== EXERCISE ==
Among the lines below, list those containing the string "Numbers".
--- START ---
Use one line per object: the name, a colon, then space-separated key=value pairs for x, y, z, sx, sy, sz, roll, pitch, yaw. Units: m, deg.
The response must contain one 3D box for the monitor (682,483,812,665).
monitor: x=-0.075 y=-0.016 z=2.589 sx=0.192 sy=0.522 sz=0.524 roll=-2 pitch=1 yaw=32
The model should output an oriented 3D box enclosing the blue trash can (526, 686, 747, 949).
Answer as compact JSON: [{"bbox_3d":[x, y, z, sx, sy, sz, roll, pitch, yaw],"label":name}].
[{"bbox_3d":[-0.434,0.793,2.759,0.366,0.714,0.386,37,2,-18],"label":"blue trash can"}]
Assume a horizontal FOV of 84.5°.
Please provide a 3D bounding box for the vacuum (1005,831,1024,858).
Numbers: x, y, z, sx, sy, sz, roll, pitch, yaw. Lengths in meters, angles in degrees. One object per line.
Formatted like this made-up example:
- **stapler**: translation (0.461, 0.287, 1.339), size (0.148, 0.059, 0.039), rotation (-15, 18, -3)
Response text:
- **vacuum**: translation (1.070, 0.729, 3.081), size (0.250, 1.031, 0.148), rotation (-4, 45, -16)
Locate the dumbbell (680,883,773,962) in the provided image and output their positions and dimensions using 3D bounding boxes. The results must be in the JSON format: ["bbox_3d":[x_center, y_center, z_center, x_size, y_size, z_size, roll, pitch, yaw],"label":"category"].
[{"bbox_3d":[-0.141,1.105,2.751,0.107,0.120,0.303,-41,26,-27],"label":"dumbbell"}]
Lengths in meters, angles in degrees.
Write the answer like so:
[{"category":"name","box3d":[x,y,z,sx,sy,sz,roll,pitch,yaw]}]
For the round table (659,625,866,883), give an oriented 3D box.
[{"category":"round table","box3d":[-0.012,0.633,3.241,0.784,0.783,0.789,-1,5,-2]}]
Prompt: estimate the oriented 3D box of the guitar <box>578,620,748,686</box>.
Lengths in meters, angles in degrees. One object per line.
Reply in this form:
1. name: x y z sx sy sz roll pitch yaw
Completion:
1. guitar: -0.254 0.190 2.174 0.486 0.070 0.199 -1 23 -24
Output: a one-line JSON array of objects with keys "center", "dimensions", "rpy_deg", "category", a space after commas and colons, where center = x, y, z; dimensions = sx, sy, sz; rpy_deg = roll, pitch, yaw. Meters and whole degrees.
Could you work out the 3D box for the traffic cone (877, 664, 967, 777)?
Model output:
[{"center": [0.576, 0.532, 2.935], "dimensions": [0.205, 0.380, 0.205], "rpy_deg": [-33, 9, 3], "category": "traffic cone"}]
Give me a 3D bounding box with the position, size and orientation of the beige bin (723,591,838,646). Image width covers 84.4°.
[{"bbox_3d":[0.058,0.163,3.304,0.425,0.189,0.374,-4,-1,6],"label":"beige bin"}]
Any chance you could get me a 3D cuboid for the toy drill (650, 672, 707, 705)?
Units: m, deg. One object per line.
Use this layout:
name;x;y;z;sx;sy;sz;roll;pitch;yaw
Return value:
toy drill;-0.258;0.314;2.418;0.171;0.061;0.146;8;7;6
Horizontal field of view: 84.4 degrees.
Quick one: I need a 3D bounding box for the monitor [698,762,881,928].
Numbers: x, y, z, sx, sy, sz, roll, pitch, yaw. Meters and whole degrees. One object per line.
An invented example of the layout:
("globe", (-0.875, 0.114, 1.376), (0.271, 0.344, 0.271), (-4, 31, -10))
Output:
--- END ---
== WRITTEN ANSWER ==
Numbers: x, y, z, sx, sy, sz, roll, pitch, yaw. Lengths in meters, angles in degrees. One object per line.
Numbers: x, y, z, sx, sy, sz, roll, pitch, yaw. Meters and whole degrees. One object per line.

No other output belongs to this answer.